How The West Was Won (1962)

There are 101 replies in this Thread which has previously been viewed 109,973 times. The latest Post () was by lasbugas.

Participate now!

Don’t have an account yet? Register yourself now and be a part of our community!

  • Hello again, all, I was one of 800-plus lucky people who saw How the West Was Won at the Cinerama Dome in Hollywood on Sunday morning, as part of this year's TCM Classic Movie Festival. Not only that, but I think I had the best seat in the house! -- dead center, first row of the balcony. Anyway, as you can all imagine, HTWWW was an overwhelming experience, seeing it on that giant curved screen projected in the original Cinerama format. The print was beautiful and the extremely wide field of vision made for unbelievably spectacular vistas, especially during the amazing buffalo stampede. Sometimes the joins of the three pictures was very noticeable, sometimes not at all. I don't have to tell anyone here what a great and epic picture it is and my only beef is -- not enough John Wayne, of course. :)


    The sound was also spectacular in the Dome and what a thrill to hear that great score on that sound system.


    Debbie Reynolds was interviewed by TCM host before the movie and was quite the character. Actually I had seen her the day before interviewed by Osborne before a screening of Singin' in the Rain, and she is one very colorful (to put it mildly) lady -- she just says whatever she thinks, in very salty language too! The normally unflappable Osborne was at a loss for words. :) She was a little more restrained at HTWWW but she is decidedly a let it all hang out type, and tons of fun! We all loved her to bits. ;) And she was wonderful in both movies. ;)
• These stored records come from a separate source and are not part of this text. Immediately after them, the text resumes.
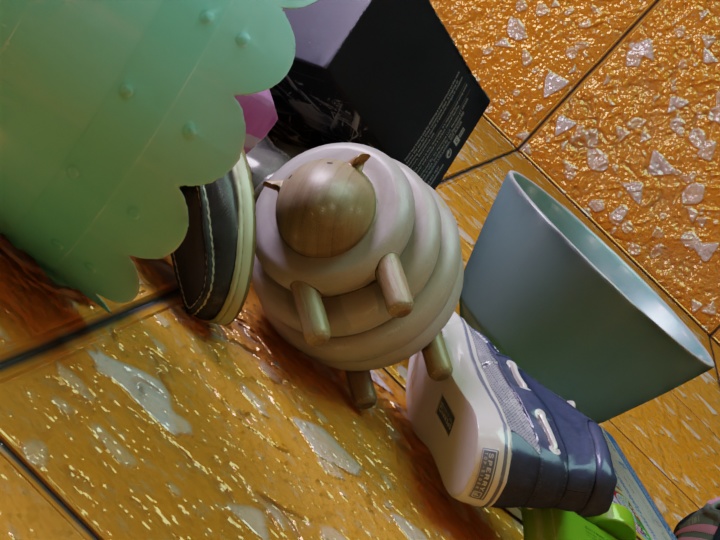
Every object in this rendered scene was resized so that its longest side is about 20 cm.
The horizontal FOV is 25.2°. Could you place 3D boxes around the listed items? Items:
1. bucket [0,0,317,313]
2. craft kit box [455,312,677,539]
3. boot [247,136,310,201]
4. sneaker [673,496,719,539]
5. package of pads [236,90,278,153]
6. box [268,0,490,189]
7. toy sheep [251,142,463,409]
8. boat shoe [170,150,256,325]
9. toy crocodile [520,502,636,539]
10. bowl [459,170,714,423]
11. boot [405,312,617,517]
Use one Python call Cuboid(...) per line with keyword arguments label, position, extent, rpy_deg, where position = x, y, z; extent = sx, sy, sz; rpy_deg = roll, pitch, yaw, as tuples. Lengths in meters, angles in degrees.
Cuboid(label="bucket", position=(-0.118, -0.101, 0.726), extent=(0.134, 0.208, 0.207), rpy_deg=(32, 14, -14))
Cuboid(label="craft kit box", position=(0.134, 0.132, 1.132), extent=(0.197, 0.049, 0.200), rpy_deg=(41, 11, -26))
Cuboid(label="boot", position=(-0.106, -0.111, 1.146), extent=(0.200, 0.073, 0.182), rpy_deg=(39, 9, 12))
Cuboid(label="sneaker", position=(0.269, 0.213, 1.198), extent=(0.070, 0.082, 0.200), rpy_deg=(43, 12, -2))
Cuboid(label="package of pads", position=(-0.151, -0.143, 0.973), extent=(0.199, 0.076, 0.121), rpy_deg=(19, 34, -43))
Cuboid(label="box", position=(-0.035, -0.162, 1.191), extent=(0.199, 0.104, 0.182), rpy_deg=(23, -17, 36))
Cuboid(label="toy sheep", position=(0.000, 0.000, 0.948), extent=(0.138, 0.138, 0.200), rpy_deg=(51, -8, 31))
Cuboid(label="boat shoe", position=(-0.103, -0.067, 0.877), extent=(0.066, 0.072, 0.202), rpy_deg=(3, 69, -29))
Cuboid(label="toy crocodile", position=(0.167, 0.196, 0.982), extent=(0.199, 0.062, 0.068), rpy_deg=(30, 36, -31))
Cuboid(label="bowl", position=(0.146, 0.033, 1.161), extent=(0.201, 0.105, 0.201), rpy_deg=(42, 12, -11))
Cuboid(label="boot", position=(0.087, 0.088, 0.981), extent=(0.090, 0.073, 0.200), rpy_deg=(13, 23, -14))
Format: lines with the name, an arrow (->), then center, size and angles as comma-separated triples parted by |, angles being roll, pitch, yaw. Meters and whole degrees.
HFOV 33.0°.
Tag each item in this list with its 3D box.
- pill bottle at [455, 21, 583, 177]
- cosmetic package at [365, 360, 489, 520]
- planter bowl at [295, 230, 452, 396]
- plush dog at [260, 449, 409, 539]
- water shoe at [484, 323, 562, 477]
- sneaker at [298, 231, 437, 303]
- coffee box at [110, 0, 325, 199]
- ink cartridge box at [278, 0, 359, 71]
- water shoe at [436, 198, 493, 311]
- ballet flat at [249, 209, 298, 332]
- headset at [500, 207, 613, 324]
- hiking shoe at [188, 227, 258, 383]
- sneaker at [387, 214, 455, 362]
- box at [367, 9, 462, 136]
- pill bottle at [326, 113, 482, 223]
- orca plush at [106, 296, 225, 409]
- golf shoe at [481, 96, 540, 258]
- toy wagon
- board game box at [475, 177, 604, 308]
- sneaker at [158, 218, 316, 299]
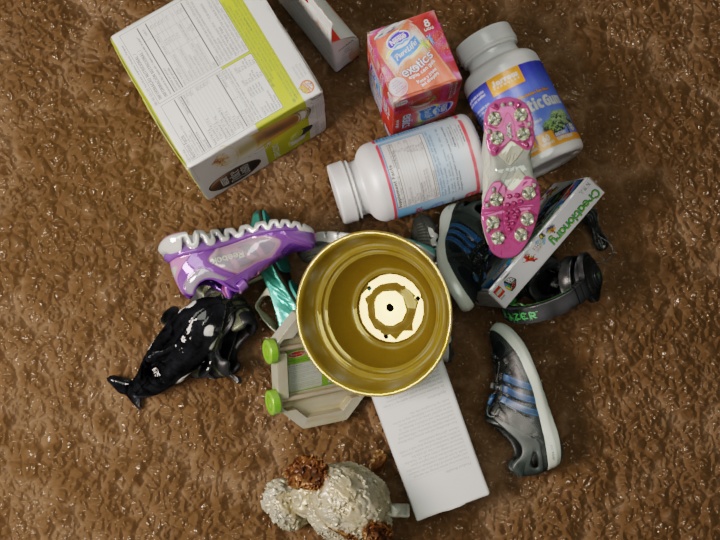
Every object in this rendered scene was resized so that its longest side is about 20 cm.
pill bottle -> 0.207, -0.227, 1.631 | 0.112, 0.112, 0.201 | -26, 83, -4
cosmetic package -> 0.082, 0.204, 1.557 | 0.101, 0.071, 0.201 | -19, 96, -3
planter bowl -> 0.026, 0.050, 1.500 | 0.199, 0.083, 0.201 | 1, 94, 18
plush dog -> -0.014, 0.292, 1.514 | 0.200, 0.172, 0.161 | 39, 82, 6
water shoe -> 0.196, 0.168, 1.577 | 0.079, 0.072, 0.201 | -20, 82, -8
sneaker -> 0.000, 0.000, 1.584 | 0.199, 0.078, 0.092 | 6, 81, 31
coffee box -> -0.179, -0.239, 1.586 | 0.197, 0.200, 0.200 | -31, 83, -4
ink cartridge box -> -0.067, -0.364, 1.606 | 0.050, 0.200, 0.162 | -38, 83, -6
water shoe -> 0.144, -0.032, 1.566 | 0.079, 0.200, 0.072 | -22, 125, 19
ballet flat -> -0.118, 0.018, 1.615 | 0.070, 0.067, 0.201 | -27, 80, 9
headset -> 0.261, -0.002, 1.595 | 0.200, 0.123, 0.094 | -34, 110, -34
hiking shoe -> -0.171, 0.046, 1.589 | 0.100, 0.076, 0.201 | 6, 90, 29
sneaker -> 0.071, 0.025, 1.612 | 0.090, 0.066, 0.201 | -5, 83, -4
box -> 0.068, -0.249, 1.589 | 0.095, 0.200, 0.100 | -20, 81, -2
pill bottle -> 0.062, -0.129, 1.616 | 0.199, 0.109, 0.109 | -17, 81, -3
orca plush -> -0.259, 0.102, 1.554 | 0.200, 0.071, 0.106 | -28, 73, 28
golf shoe -> 0.187, -0.117, 1.543 | 0.075, 0.092, 0.201 | 2, 93, 0
toy wagon -> -0.051, 0.102, 1.568 | 0.155, 0.040, 0.201 | -9, 106, -24
board game box -> 0.223, -0.036, 1.591 | 0.035, 0.126, 0.200 | 43, 83, -8
sneaker -> -0.151, -0.011, 1.534 | 0.199, 0.080, 0.089 | -10, 79, -14
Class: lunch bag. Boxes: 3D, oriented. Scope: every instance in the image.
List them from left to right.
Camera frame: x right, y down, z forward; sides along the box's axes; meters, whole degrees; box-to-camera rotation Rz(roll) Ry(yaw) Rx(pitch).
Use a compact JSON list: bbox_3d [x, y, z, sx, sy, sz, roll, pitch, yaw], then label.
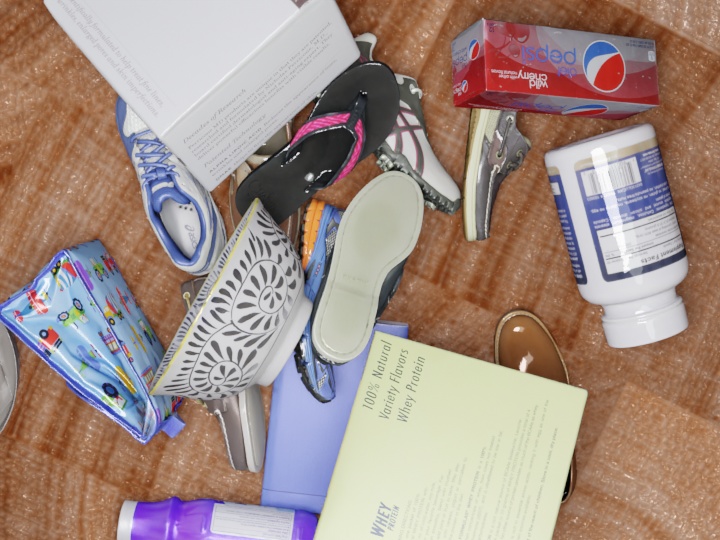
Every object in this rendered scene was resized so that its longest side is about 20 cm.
[{"bbox_3d":[-0.236,0.077,1.170,0.094,0.151,0.200,-40,94,3],"label":"lunch bag"}]

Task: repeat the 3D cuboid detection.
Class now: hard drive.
[{"bbox_3d":[-0.027,0.148,1.241,0.130,0.025,0.203,6,95,-1],"label":"hard drive"}]

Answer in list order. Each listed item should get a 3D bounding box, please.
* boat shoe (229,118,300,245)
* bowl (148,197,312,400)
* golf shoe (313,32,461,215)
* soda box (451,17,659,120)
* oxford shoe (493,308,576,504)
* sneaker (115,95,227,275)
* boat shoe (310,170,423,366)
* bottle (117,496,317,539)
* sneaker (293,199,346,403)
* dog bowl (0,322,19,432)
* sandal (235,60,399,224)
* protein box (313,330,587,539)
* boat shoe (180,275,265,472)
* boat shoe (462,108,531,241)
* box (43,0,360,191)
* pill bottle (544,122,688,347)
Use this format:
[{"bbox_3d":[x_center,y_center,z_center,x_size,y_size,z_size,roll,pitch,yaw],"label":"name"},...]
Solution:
[{"bbox_3d":[-0.097,-0.100,1.195,0.075,0.072,0.203,-4,95,0],"label":"boat shoe"},{"bbox_3d":[-0.104,0.045,1.099,0.094,0.201,0.202,30,94,-8],"label":"bowl"},{"bbox_3d":[0.040,-0.142,1.193,0.088,0.077,0.200,-44,96,-6],"label":"golf shoe"},{"bbox_3d":[0.185,-0.187,1.152,0.198,0.063,0.071,1,83,-25],"label":"soda box"},{"bbox_3d":[0.184,0.138,1.221,0.071,0.071,0.202,-16,94,2],"label":"oxford shoe"},{"bbox_3d":[-0.185,-0.093,1.187,0.075,0.088,0.202,-25,92,4],"label":"sneaker"},{"bbox_3d":[0.002,0.001,1.131,0.074,0.066,0.201,20,66,-7],"label":"boat shoe"},{"bbox_3d":[-0.143,0.266,1.222,0.197,0.084,0.066,7,63,-1],"label":"bottle"},{"bbox_3d":[-0.025,0.029,1.188,0.077,0.075,0.203,4,79,-5],"label":"sneaker"},{"bbox_3d":[-0.435,0.099,1.217,0.197,0.059,0.203,0,96,0],"label":"dog bowl"},{"bbox_3d":[-0.036,-0.110,1.132,0.200,0.045,0.075,-44,107,11],"label":"sandal"},{"bbox_3d":[0.084,0.188,1.117,0.198,0.135,0.201,15,75,9],"label":"protein box"},{"bbox_3d":[-0.137,0.104,1.216,0.059,0.072,0.203,-9,92,6],"label":"boat shoe"},{"bbox_3d":[0.137,-0.127,1.195,0.064,0.073,0.203,7,95,4],"label":"boat shoe"},{"bbox_3d":[-0.142,-0.222,1.112,0.200,0.131,0.199,-41,67,-2],"label":"box"},{"bbox_3d":[0.256,-0.033,1.186,0.110,0.111,0.202,-15,95,1],"label":"pill bottle"}]
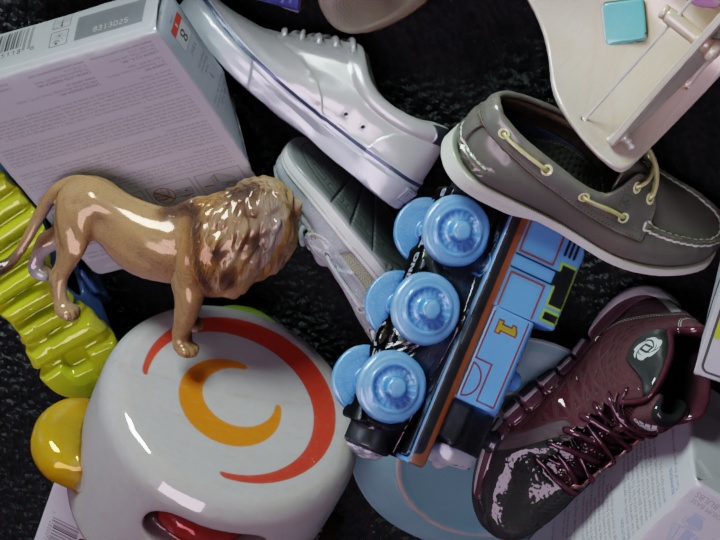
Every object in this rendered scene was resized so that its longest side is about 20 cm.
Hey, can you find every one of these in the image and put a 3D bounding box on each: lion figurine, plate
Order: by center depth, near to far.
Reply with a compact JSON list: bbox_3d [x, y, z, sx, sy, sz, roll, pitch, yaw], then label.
[{"bbox_3d":[-0.143,-0.021,1.248,0.199,0.073,0.123,14,115,-1],"label":"lion figurine"},{"bbox_3d":[0.091,0.129,1.328,0.199,0.026,0.201,0,127,0],"label":"plate"}]

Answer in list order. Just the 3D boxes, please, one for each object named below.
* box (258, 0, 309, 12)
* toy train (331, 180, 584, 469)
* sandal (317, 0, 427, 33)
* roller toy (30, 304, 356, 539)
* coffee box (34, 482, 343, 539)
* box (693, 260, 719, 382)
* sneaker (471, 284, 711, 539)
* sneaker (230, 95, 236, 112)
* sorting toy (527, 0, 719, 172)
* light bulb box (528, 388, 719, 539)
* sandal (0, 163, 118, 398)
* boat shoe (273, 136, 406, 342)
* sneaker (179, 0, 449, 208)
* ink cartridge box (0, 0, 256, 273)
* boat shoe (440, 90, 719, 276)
[{"bbox_3d":[-0.121,-0.251,1.239,0.199,0.032,0.122,15,118,8],"label":"box"},{"bbox_3d":[0.062,0.037,1.229,0.114,0.087,0.201,24,84,-15],"label":"toy train"},{"bbox_3d":[0.036,-0.211,1.179,0.200,0.054,0.081,-26,88,41],"label":"sandal"},{"bbox_3d":[-0.107,0.131,1.314,0.183,0.200,0.140,50,138,21],"label":"roller toy"},{"bbox_3d":[-0.127,0.198,1.413,0.199,0.114,0.080,25,119,3],"label":"coffee box"},{"bbox_3d":[0.253,-0.022,1.141,0.060,0.200,0.117,17,120,8],"label":"box"},{"bbox_3d":[0.155,0.100,1.234,0.076,0.115,0.200,36,89,-21],"label":"sneaker"},{"bbox_3d":[-0.185,-0.098,1.308,0.199,0.070,0.076,12,111,10],"label":"sneaker"},{"bbox_3d":[0.167,-0.198,1.146,0.180,0.107,0.200,44,127,6],"label":"sorting toy"},{"bbox_3d":[0.237,0.213,1.287,0.198,0.125,0.200,31,120,-11],"label":"light bulb box"},{"bbox_3d":[-0.235,-0.004,1.348,0.079,0.087,0.200,-22,119,9],"label":"sandal"},{"bbox_3d":[0.001,0.000,1.303,0.065,0.074,0.202,-31,110,23],"label":"boat shoe"},{"bbox_3d":[-0.029,-0.128,1.261,0.200,0.073,0.071,39,93,-2],"label":"sneaker"},{"bbox_3d":[-0.153,-0.088,1.265,0.162,0.050,0.200,-13,140,21],"label":"ink cartridge box"},{"bbox_3d":[0.151,-0.055,1.200,0.201,0.072,0.060,20,139,-19],"label":"boat shoe"}]
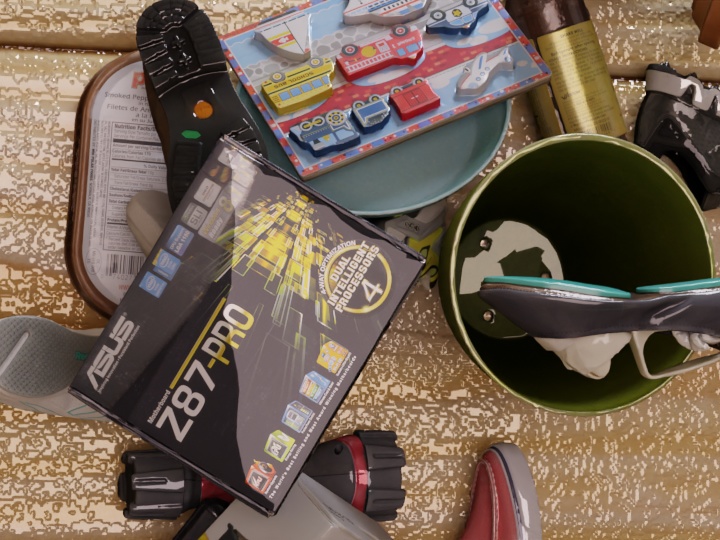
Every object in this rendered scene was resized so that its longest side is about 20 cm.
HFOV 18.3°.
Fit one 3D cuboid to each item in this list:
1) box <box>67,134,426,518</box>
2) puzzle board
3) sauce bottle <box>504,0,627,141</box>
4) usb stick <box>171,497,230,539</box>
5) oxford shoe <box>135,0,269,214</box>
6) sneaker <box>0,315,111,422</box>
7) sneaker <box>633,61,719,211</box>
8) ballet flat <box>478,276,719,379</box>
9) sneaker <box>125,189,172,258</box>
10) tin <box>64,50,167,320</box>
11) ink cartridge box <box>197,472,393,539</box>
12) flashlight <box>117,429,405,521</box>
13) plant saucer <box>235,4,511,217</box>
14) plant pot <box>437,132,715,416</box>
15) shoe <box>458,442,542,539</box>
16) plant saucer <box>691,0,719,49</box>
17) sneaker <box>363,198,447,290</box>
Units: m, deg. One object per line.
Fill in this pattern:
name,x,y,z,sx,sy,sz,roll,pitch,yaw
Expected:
box,-0.073,0.037,1.475,0.161,0.049,0.201,32,88,4
puzzle board,0.015,-0.154,1.602,0.199,0.017,0.151,-22,55,-14
sauce bottle,0.145,-0.168,1.656,0.064,0.065,0.201,-17,94,-11
usb stick,-0.144,0.244,1.577,0.055,0.033,0.200,33,102,-30
oxford shoe,-0.105,-0.083,1.550,0.072,0.084,0.201,-11,75,-7
sneaker,-0.191,0.072,1.584,0.199,0.080,0.071,13,71,-31
sneaker,0.291,-0.079,1.688,0.199,0.066,0.091,23,88,-7
ballet flat,0.174,0.037,1.455,0.199,0.073,0.074,0,89,-14
sneaker,-0.108,0.038,1.564,0.088,0.075,0.200,-43,84,25
tin,-0.151,-0.060,1.607,0.111,0.042,0.201,4,88,-16
ink cartridge box,-0.066,0.246,1.545,0.200,0.083,0.146,-47,138,3
flashlight,-0.069,0.150,1.602,0.199,0.068,0.068,0,123,-17
plant saucer,0.009,-0.108,1.599,0.199,0.036,0.201,-2,52,2
plant pot,0.129,0.003,1.581,0.186,0.200,0.188,0,90,-12
shoe,0.079,0.228,1.633,0.090,0.071,0.201,-3,94,-17
plant saucer,0.282,-0.260,1.621,0.032,0.200,0.201,20,85,7
sneaker,0.000,0.000,1.580,0.200,0.075,0.077,-23,110,-45
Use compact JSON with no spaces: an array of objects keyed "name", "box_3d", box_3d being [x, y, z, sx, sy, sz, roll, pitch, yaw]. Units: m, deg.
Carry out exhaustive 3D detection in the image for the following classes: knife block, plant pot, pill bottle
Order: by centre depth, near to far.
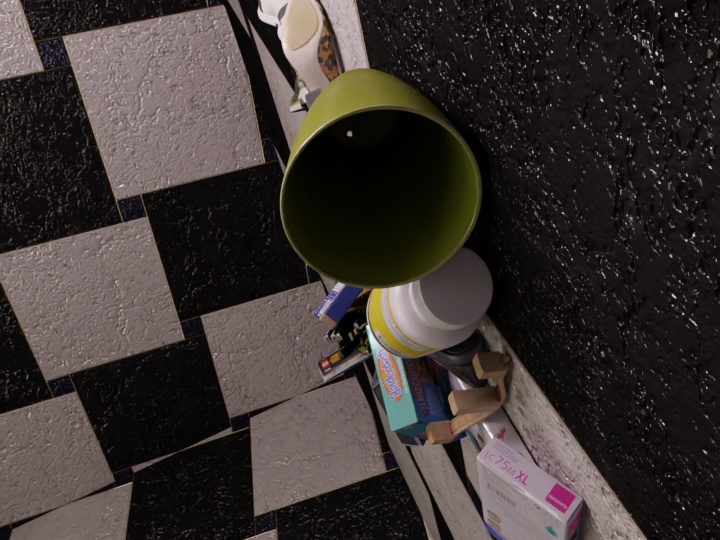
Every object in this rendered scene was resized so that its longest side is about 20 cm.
[{"name":"plant pot","box_3d":[0.011,-0.119,0.698,0.202,0.183,0.190,-98,-8,-53]},{"name":"pill bottle","box_3d":[0.077,0.036,0.786,0.113,0.109,0.200,66,165,6]},{"name":"knife block","box_3d":[0.016,0.074,1.140,0.200,0.172,0.065,-141,28,-76]}]

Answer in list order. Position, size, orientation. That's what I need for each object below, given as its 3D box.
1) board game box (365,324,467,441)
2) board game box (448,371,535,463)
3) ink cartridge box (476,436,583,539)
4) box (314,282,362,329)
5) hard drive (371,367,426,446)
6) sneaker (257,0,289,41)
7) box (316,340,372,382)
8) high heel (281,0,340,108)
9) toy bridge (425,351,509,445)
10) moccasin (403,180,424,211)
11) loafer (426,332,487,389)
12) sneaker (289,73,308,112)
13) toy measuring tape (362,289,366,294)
[{"name":"board game box","box_3d":[0.085,0.165,1.014,0.199,0.044,0.155,34,-143,-57]},{"name":"board game box","box_3d":[0.177,0.223,0.935,0.128,0.034,0.202,76,170,-47]},{"name":"ink cartridge box","box_3d":[0.197,0.288,0.810,0.118,0.042,0.203,32,149,35]},{"name":"box","box_3d":[0.000,0.000,1.090,0.032,0.202,0.121,36,176,-6]},{"name":"hard drive","box_3d":[0.075,0.180,1.099,0.137,0.042,0.200,61,-158,-10]},{"name":"sneaker","box_3d":[-0.118,-0.431,1.114,0.201,0.072,0.082,-127,30,-49]},{"name":"box","box_3d":[0.012,0.139,1.266,0.040,0.197,0.137,60,171,8]},{"name":"high heel","box_3d":[-0.062,-0.319,1.053,0.142,0.070,0.205,8,-108,-73]},{"name":"toy bridge","box_3d":[0.141,0.158,0.846,0.202,0.066,0.028,111,151,-50]},{"name":"moccasin","box_3d":[0.061,-0.053,0.837,0.202,0.072,0.080,88,167,-78]},{"name":"loafer","box_3d":[0.113,0.102,0.934,0.064,0.071,0.200,65,171,-18]},{"name":"sneaker","box_3d":[-0.084,-0.325,1.186,0.200,0.075,0.091,-158,59,-73]},{"name":"toy measuring tape","box_3d":[0.044,0.038,1.371,0.201,0.072,0.075,-70,-38,-67]}]
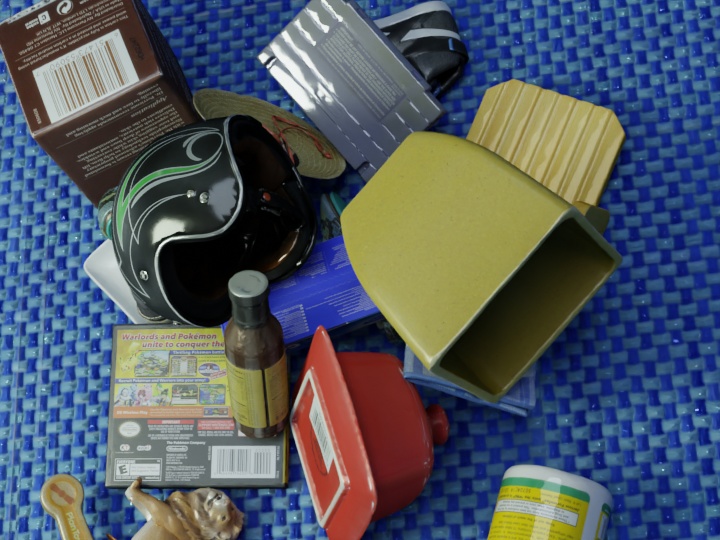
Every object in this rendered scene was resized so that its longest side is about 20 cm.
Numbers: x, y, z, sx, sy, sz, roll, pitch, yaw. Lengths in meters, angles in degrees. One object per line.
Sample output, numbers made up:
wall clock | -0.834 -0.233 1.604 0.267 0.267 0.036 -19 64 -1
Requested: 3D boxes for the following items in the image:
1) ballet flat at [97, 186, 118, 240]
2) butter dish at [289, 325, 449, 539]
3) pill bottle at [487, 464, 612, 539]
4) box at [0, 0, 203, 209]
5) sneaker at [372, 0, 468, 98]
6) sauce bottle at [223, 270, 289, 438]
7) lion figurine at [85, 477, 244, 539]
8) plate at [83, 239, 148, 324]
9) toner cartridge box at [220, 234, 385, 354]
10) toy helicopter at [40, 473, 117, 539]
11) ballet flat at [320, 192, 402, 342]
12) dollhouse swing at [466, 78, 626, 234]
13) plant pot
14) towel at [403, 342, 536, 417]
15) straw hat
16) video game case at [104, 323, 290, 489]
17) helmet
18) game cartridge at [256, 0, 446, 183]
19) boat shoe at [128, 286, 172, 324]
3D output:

  • Hi, Chester, yes, TCM has been holding the classic film festival in Hollywood for three years now and I've been very very lucky in that I've been able to attend all three. Usually they show some westerns though not always with John Wayne. :) Last year they programmed four restored Roy Rogers movies and Roy's daughter Cheryl Rogers-Barnett was there to introduce them. (And Herb Jeffries, the Bronze Buckaroo and the last living singing cowboy, attended the screenings! I was absolutely dumbstruck with awe seeing him in person.)


    Here is the link to the TCM festival page: http://www.tcm.com/festival/


    Click on the link for the "festival video gallery" to see the interviews with Debbie Reynolds (HTWWW) and Angie Dickinson (Rio Bravo).


    Here is the link to sign up with TCM so you'll get all their e-mail newsletters and announcements about the festival and other TCM information: https://audience.tcm.com/servi…r?url=http://www.tcm.com/


    TCM is OUR FRIEND. They love John Wayne! They were selling John Wayne bobble-head dolls at the festival boutique too. ;)


  • TCM is OUR FRIEND. They love John Wayne! They were selling John Wayne bobble-head dolls at the festival boutique too. ;)


    Now that's what I was really after ! A John Wayne bobble-head doll :wink_smile:


    Seriously, Thank you so much for "filling us in" on the Classic Movie Channel,
    and how to get affiliated with them.


    Chester :newyear:

  • Quote

    Now that's what I was really after ! A John Wayne bobble-head doll


    LOL! Just so you know -- when I got into line for Rio Bravo, I noticed the guy in front of me had the bobble-head doll in his bag (I could see the box). I remarked that he must be a real John Wayne fan and we struck up a conversation about Wayne and Rio Bravo that (as many of these conversations do) soon veered off onto other topics. ;) Now if only they made a Ben Johnson bobble-head doll, I'd get one of those. I do have a Wolverine bobble-head doll!

  • Watched "How the West Was Won" again yesterday in flat screen "living room Cinerama".

    Deb's Meadow where the "True Grit" showdown shootout would take place 7 years later in 1968/69 played center stage in many of the scenes of this same "West Was Won" movie as did "Courthouse Mountain" and "Chimney Peak" (all True Grit locations). Even the creek-side campsite where Rooster says to LaBoeuf ~ "If ever I meet one of you Texas waddies who ain't drunk from a hoofprint, I think I'll, I'll shake their hand or buy'em a Daniel Webster cigar!" ~ is also the very same location where a major scene is played between Robert Preston and Debbie Reynolds almost 7 years earlier.

    Henry Hathaway was one of several directors on this movie and he would later go on to also direct True Grit. He obviously fell in love with the scenery there in the San Juan mountains and thanks to that ~ a beautifully photographed True Grit would go on to become a movie classic.